Wilhelmina Barns-Graham
Print Painting
Wilhelmina Barns-Graham's is an important figure in the story of St Ives Modernism. Throughout her life, her work bridged the gap between the abstract and the representational, typically drawing on the landscape for inspiration. She created numerous works in response to her travels in Switzerland and Spain, and her St Ives works reflect her intuitive sense of vitality, colour, space and construction.
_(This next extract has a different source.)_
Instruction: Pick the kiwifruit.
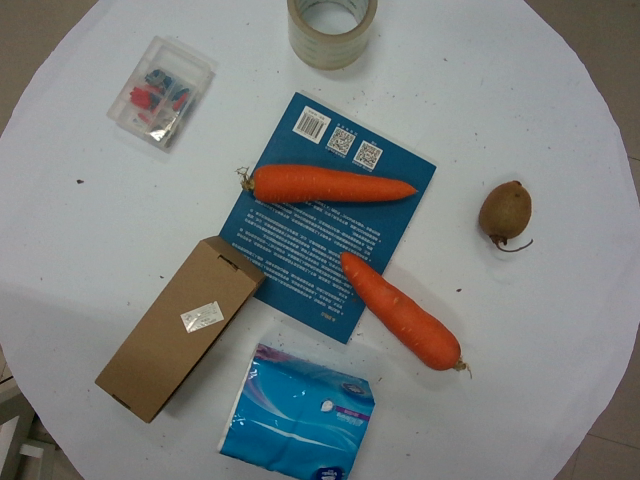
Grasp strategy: vertical

Wilhelmina was born in Scotland in 1912. In 1931 she enrolled at Edinburgh College of Art, and in 1940 she moved to St Ives in Cornwall to escape the war. There she met artists Borlase Smart, Alfred Wallis and Bernard Leach, as well as the painter Ben Nicholson and the sculptors Barbara Hepworth and Naum Gabo. She became a member of the Newlyn Society of Artists and the St Ives Society of Artists, but left the latter when, in 1949, the St Ives art community suffered an acrimonious split. She became a founder member of a breakaway group of abstract artists, the Penwith Society of Arts, and was also an initial member of the Crypt Group. In 1992 she received an honorary doctorate from the University of St Andrews, and later from the Universities of Plymouth, Exeter and Falmouth. In 1999 she was elected an honorary member of the Royal Scottish Academy and the Royal Scottish Watercolourists, and in 2001 she was awarded a CBE.